Another exception is when minnows send datums to themselves in a looping fashion. In this case, you typically to include code in callback functions invoked when "done" messages are received to handle the shutdown logic. See the minnow/tri.py for an example of how this can be done.

3.5 Building minnows

Minnows are stand-alone programs which simply need to be linked with the PHISH library. New single-file minnows written in C or C++ can be added to the minnow directory of the PHISH distribution and built in the following manner; minnows written in Python do not need to be built.

The easiest way to build all of PHISH, including the PHISH minnows, is to use the cross-platform CMake build system. We recommend building PHISH with a separate build directory:

$ tar xzvf phish.tar.gz -C ~/src
$ mkdir ~/build/phish
$ cd ~/build/phish
$ ccmake ~/src/phish-14sep12

Then, in the CMake curses interface, configure the build, generate makefiles, and build phish:

$ make

Note that if you add a new minnow to the minnow directory, simply re-run ccmake regenerate makefiles, and build - your minnow will automatically be incorporated into the build.

Alternatively, typing the following from the minnow directory will build all C and C++ minnows:

make machine

where machine is the suffix of one of the provided Makefiles, e.g. linux.mpi or linux.zmq. Type "make" to see a list of the different files and what compiler and MPI options they support.

The ".mpi" or ".zmq" suffix of the make target and associated Makefile refer to which version of the PHISH library will be linked against, either the MPI or ZMQ version.

The make command also builds non-PHISH C or C++ programs which are intended to be wrapped with one of the "wrap" minnows discussed above so they can be used as a minnow. Examples are the echo and reverse programs in the minnow directory.

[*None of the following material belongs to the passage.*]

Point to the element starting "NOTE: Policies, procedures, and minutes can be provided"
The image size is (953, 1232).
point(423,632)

If none of the provided Makefiles are a match to your machine, you can use one of them as a template and create your own. Note that only the top section for compiler/linker settings need be edited. This is where you should specify your compiler and linker and any switches they use. For the LIB setting, be sure to use the appropriate version of the PHISH library you are linking to, i.e. libphish-mpi.so or libphish-zmq.so.

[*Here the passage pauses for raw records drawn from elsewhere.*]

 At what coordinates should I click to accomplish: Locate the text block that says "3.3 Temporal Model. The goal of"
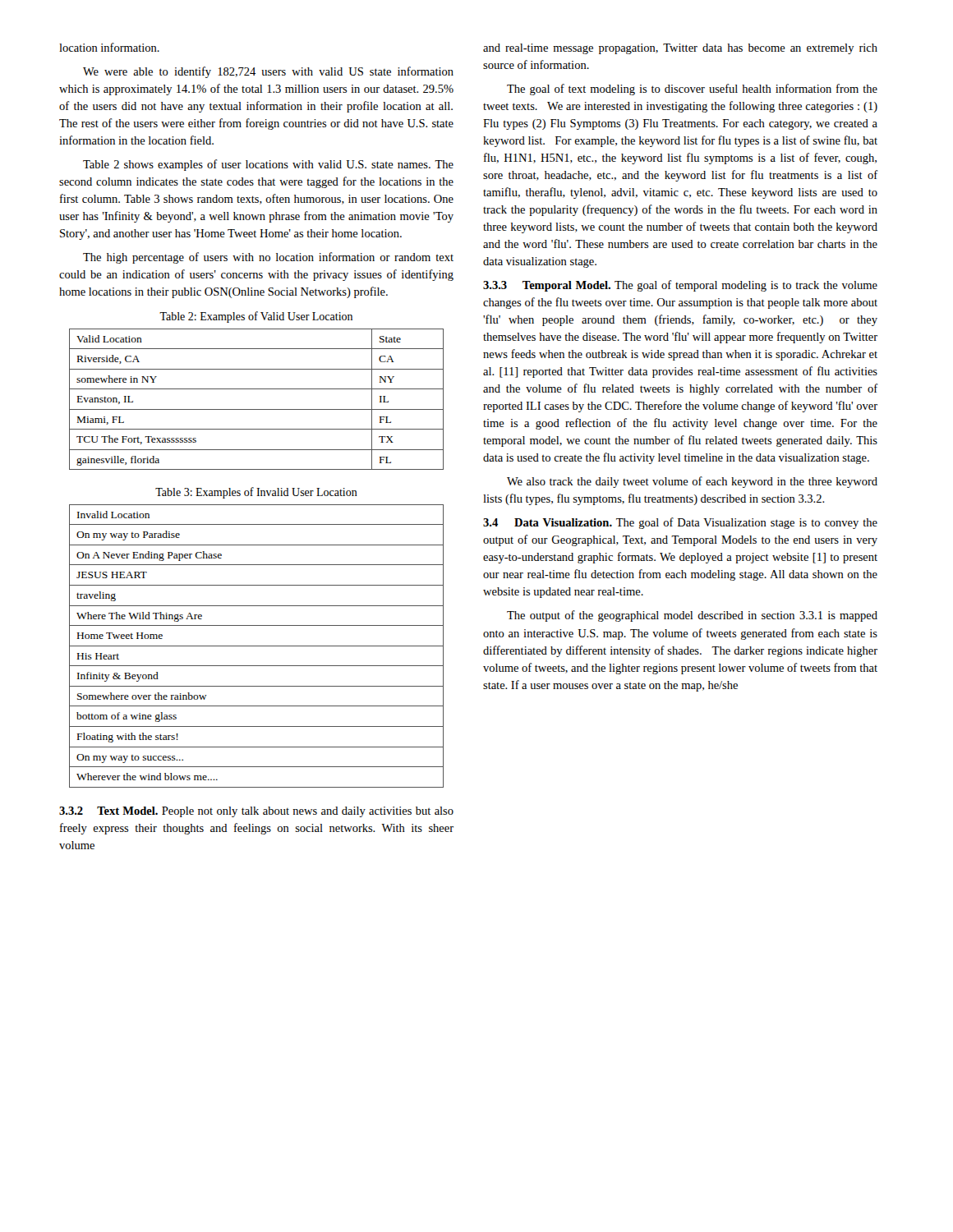point(680,392)
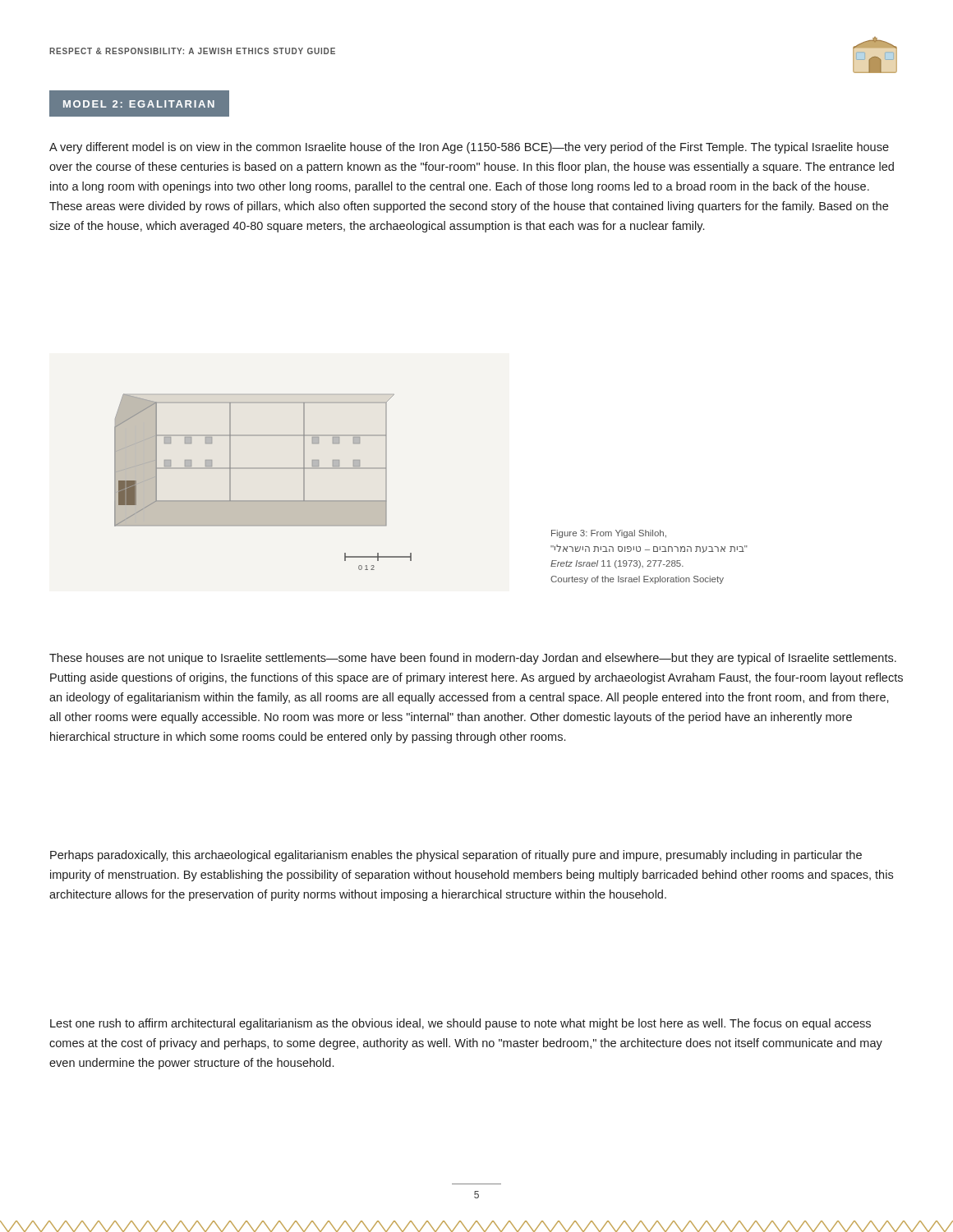Locate the block of text that opens with "Lest one rush to affirm"
This screenshot has width=953, height=1232.
pos(466,1043)
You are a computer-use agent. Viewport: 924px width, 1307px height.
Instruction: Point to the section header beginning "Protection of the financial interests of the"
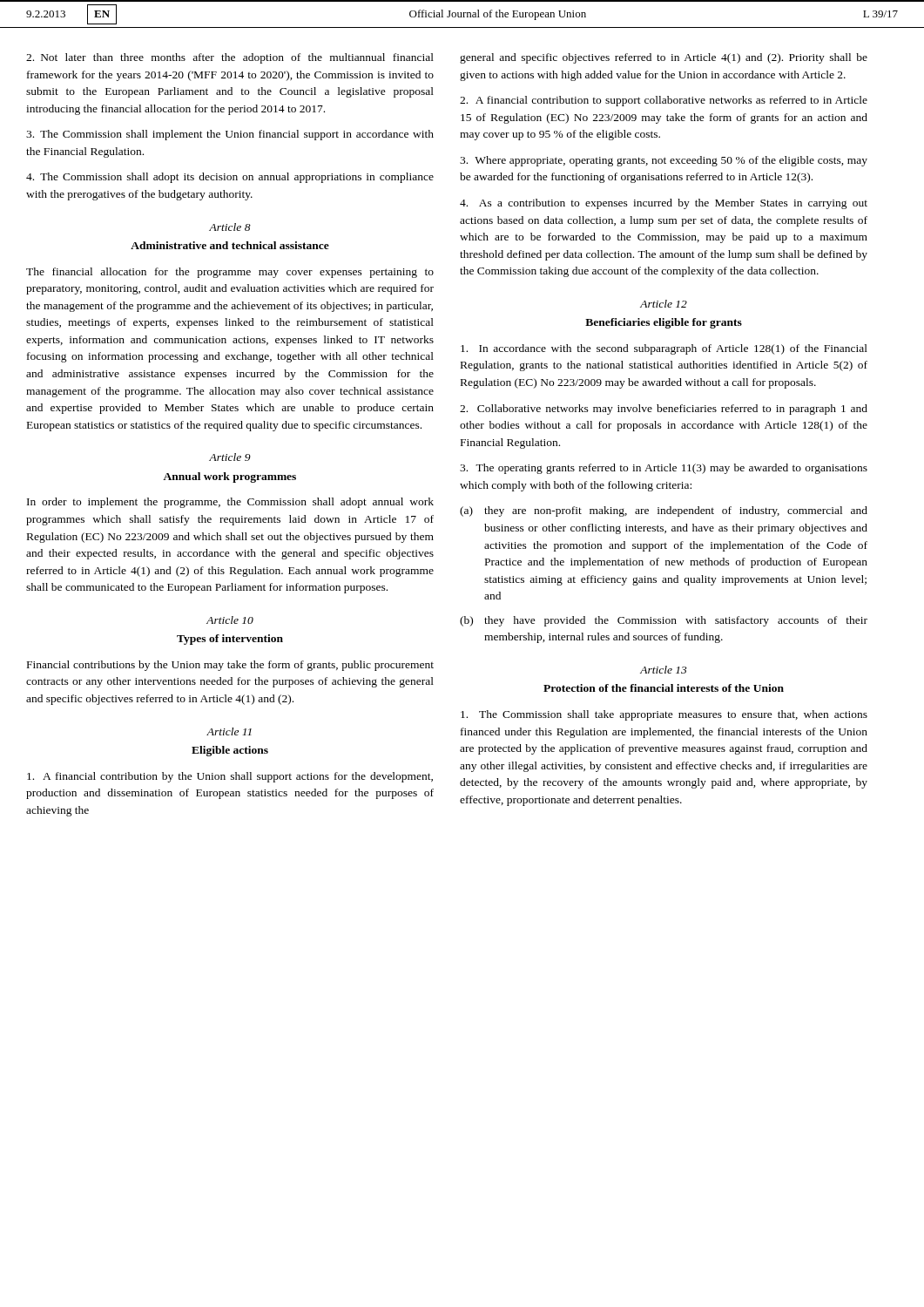tap(664, 688)

IMPORTANT NOTE: When adding a new minnow that is a single file to the minnow directory, you should insure the string "MINNOW" appears somewhere in the *.cpp or *.c file. This is how the top-level minnow/Makefile includes it in the build list. It will then be automatically built with the other minnows.

IMPORTANT NOTE: If you wish to switch the PHISH library used with your minnows (MPI vs ZMQ), you should type "make clean-all" and then re-compile and re-link all the minnows. You can also type "make clean" to simply delete all object files.

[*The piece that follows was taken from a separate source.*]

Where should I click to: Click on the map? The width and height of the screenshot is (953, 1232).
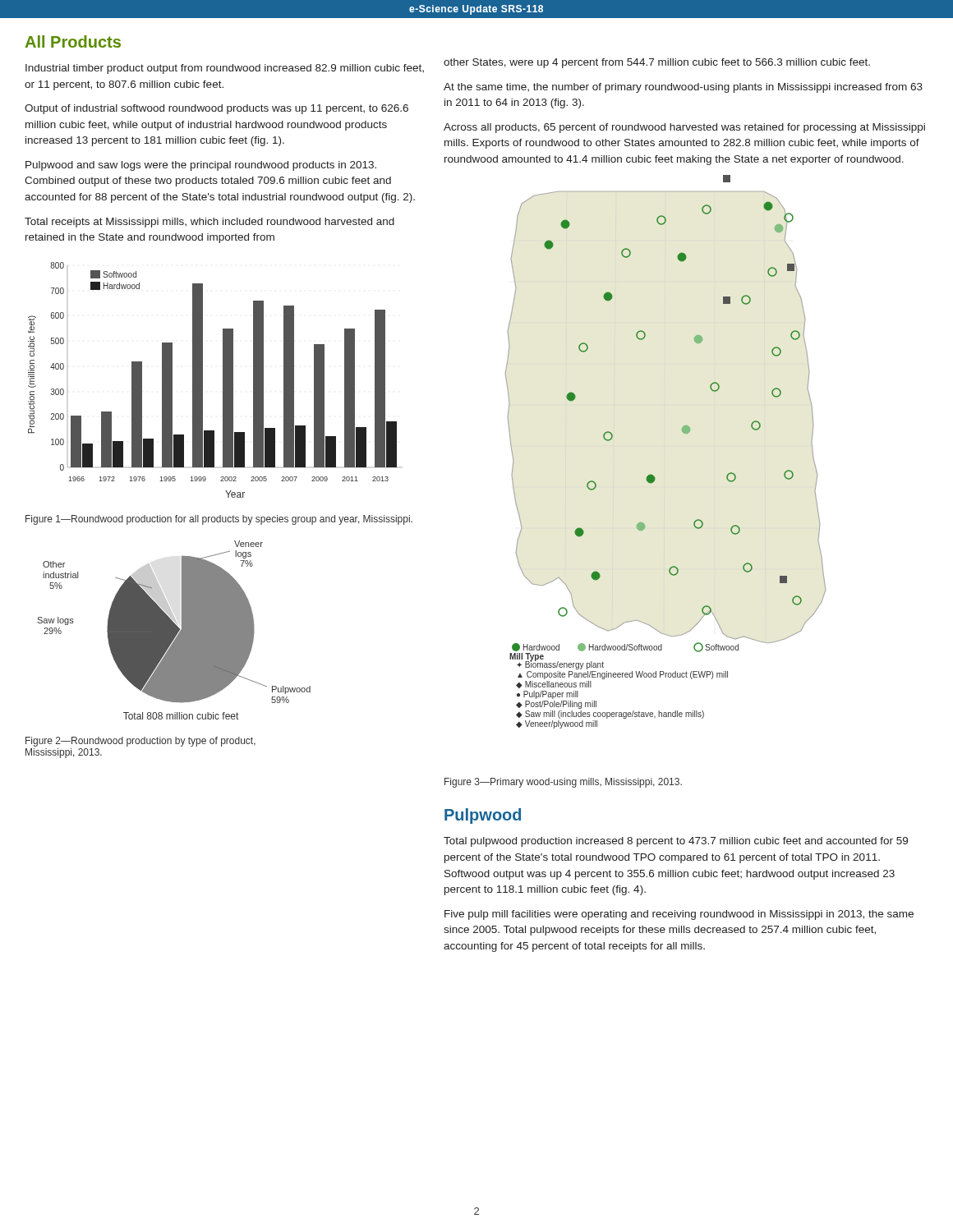tap(686, 475)
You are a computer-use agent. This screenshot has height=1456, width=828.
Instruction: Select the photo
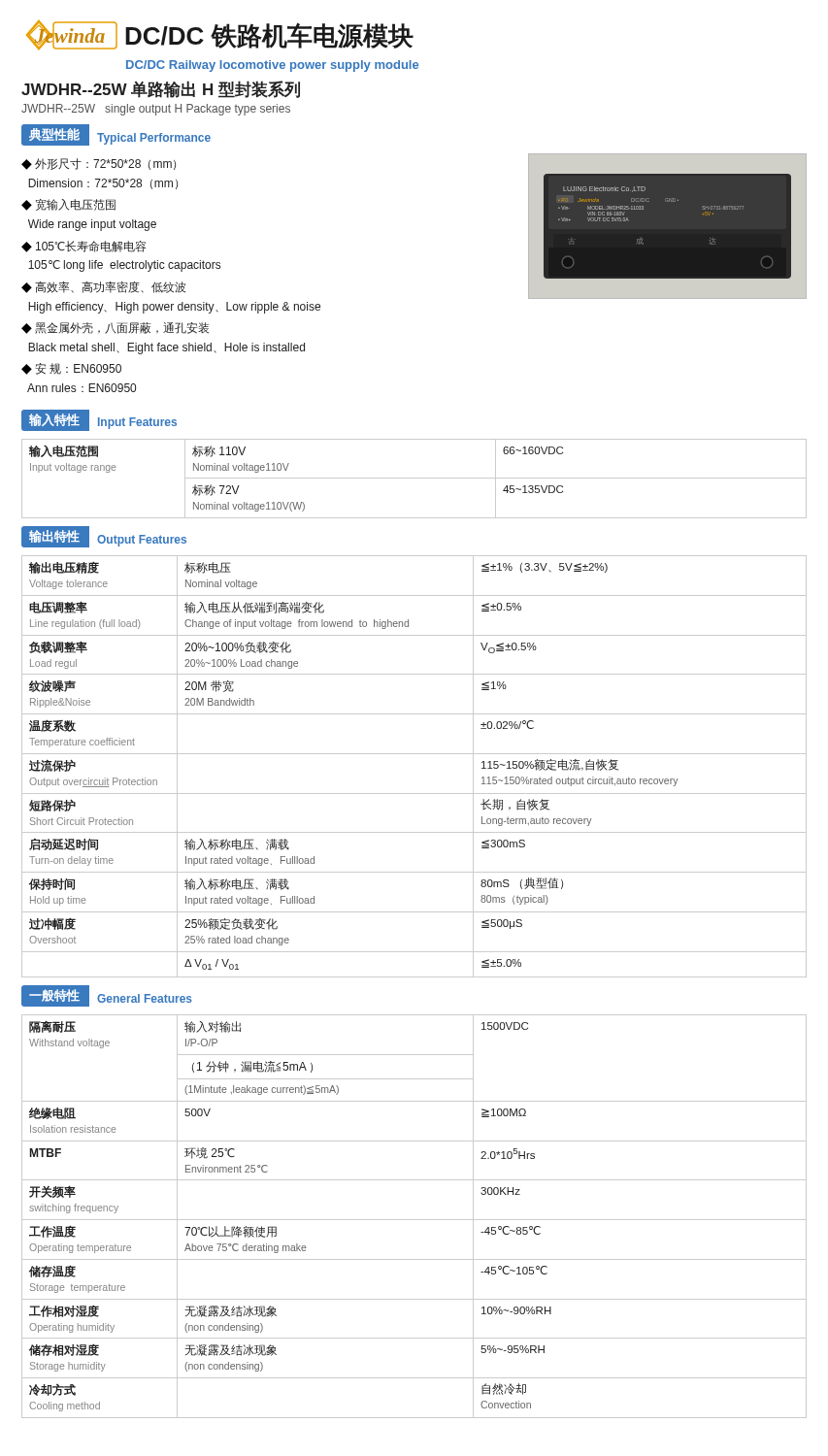click(x=667, y=226)

If your new minnow is complex enough to consist of multiple files, you can add a specific rule for how to build it to the Makefile.machine you use, e.g. that defines a new target with a list of OBJ files that it depends on. Or you can build it in a separate directory with your own custom Makefile, so long as you link to the PHISH library, similar to how the Makefiles in the minnow directory perform the final link step.

Your executable minnow files do not need to be added to the minnow directory. See the --path command-line switch for the bait.py tool for how to access minnows from other directories when running a PHISH net.